The answer is to be the lines below that lie between the line holding "How many people are on the picture?" and the line holding "How would you", inclusive, transcribed exactly and free of pictures.

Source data
# # # # # # #

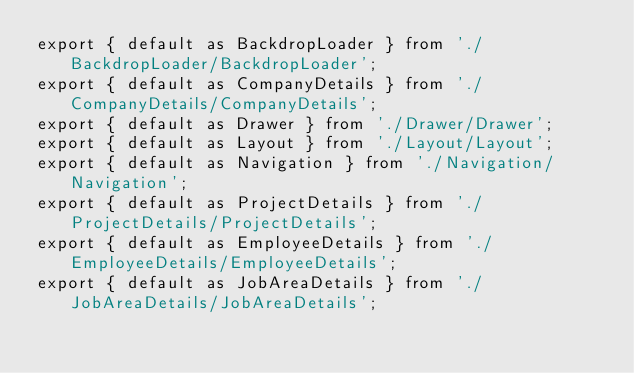Convert code to text. <code><loc_0><loc_0><loc_500><loc_500><_TypeScript_>export { default as BackdropLoader } from './BackdropLoader/BackdropLoader';
export { default as CompanyDetails } from './CompanyDetails/CompanyDetails';
export { default as Drawer } from './Drawer/Drawer';
export { default as Layout } from './Layout/Layout';
export { default as Navigation } from './Navigation/Navigation';
export { default as ProjectDetails } from './ProjectDetails/ProjectDetails';
export { default as EmployeeDetails } from './EmployeeDetails/EmployeeDetails';
export { default as JobAreaDetails } from './JobAreaDetails/JobAreaDetails';
</code> 
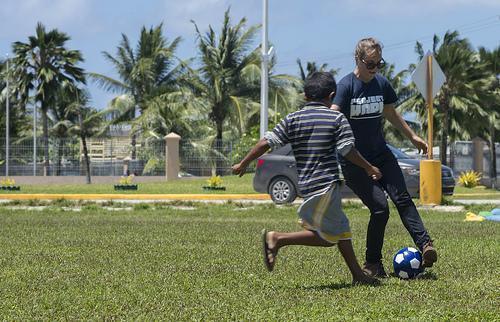How many people are on the picture?
Give a very brief answer. 2. 
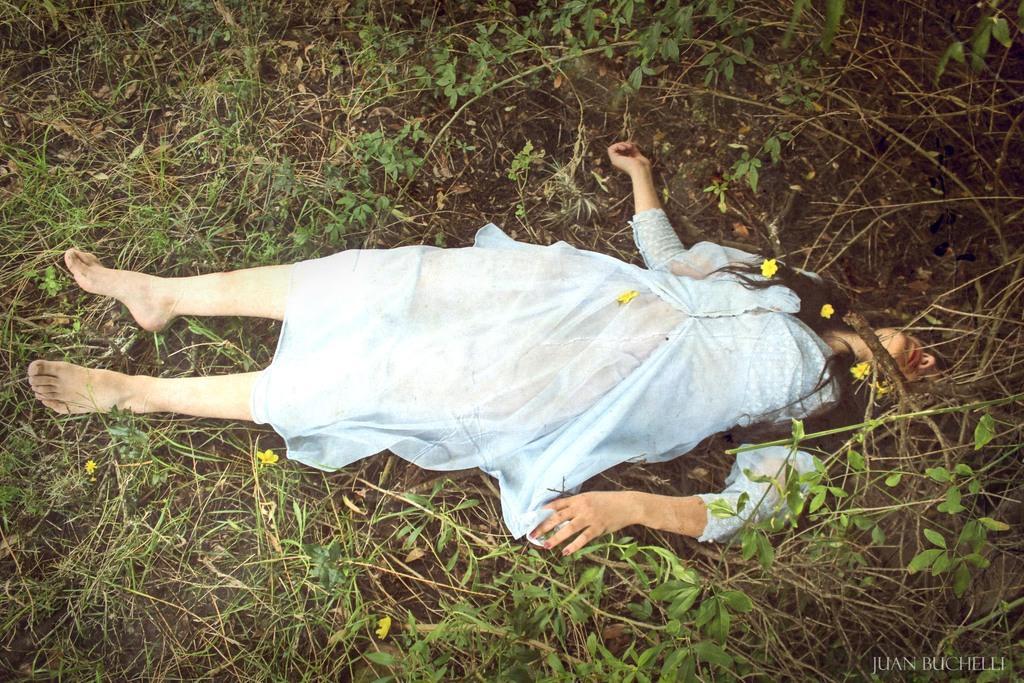How would you summarize this image in a sentence or two? In this picture we can see a woman lying on the ground with mud, flowers and plants around her. 
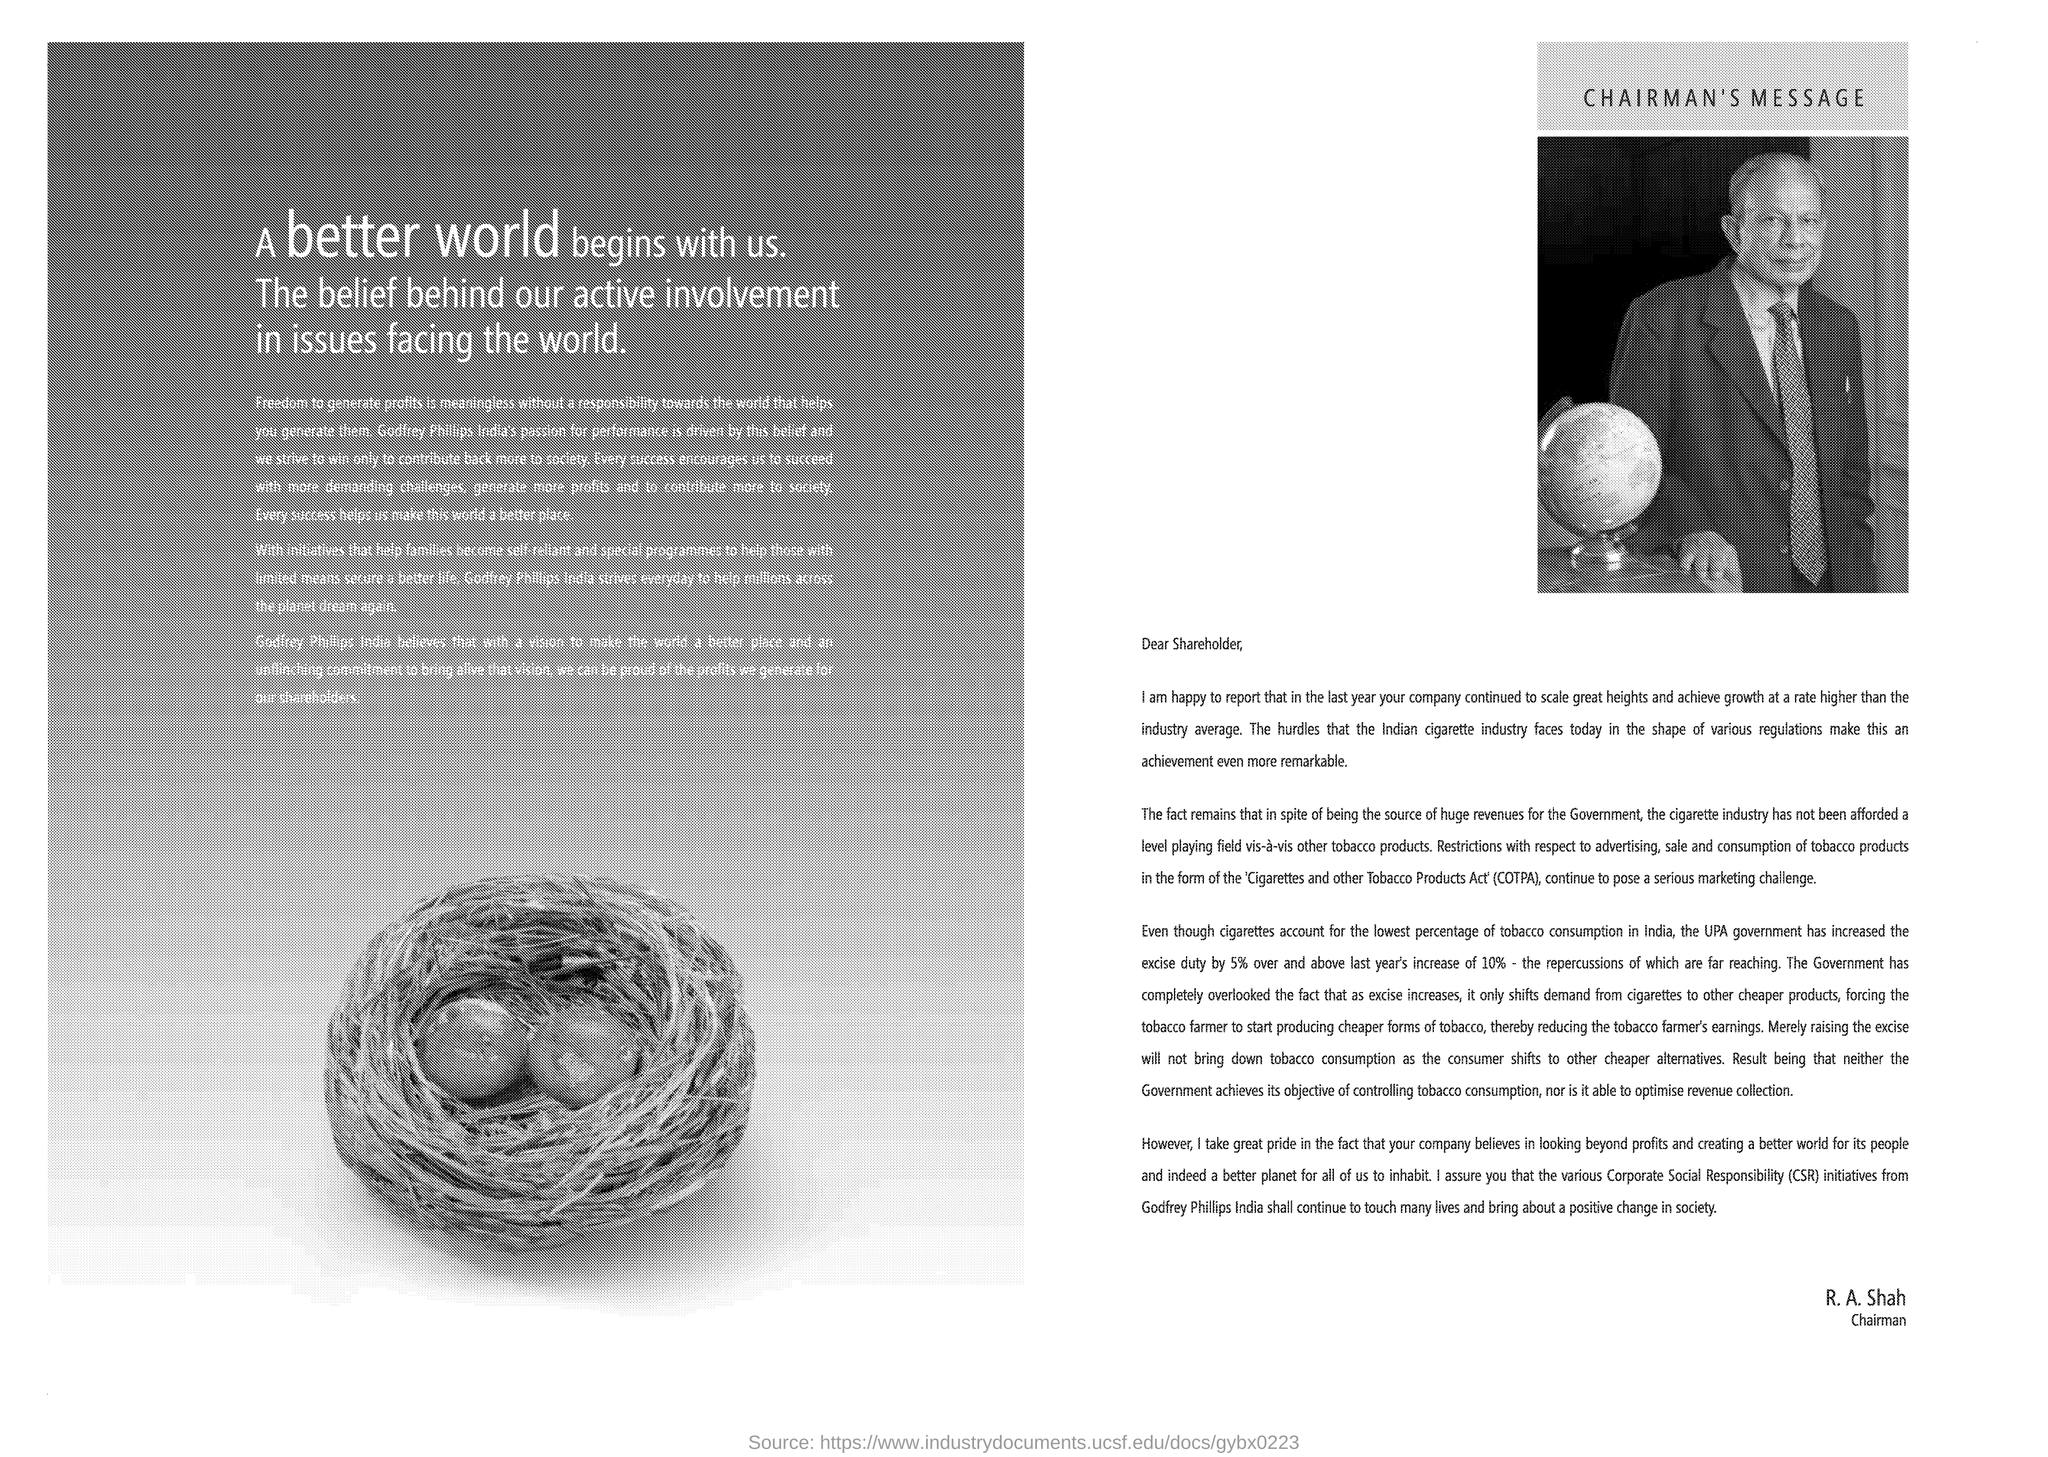Draw attention to some important aspects in this diagram. The excise duty increase from the previous year was 10%. Raising the excise duty on tobacco products will not effectively reduce consumption, as consumers will simply switch to cheaper alternatives.

# # # # # # #

*Result for this task:*
How many people are on the picture?
Give a very brief answer. 2. 
How would you summarize this image in a sentence or two? In this picture we can see a woman lying on the ground with mud, flowers and plants around her. 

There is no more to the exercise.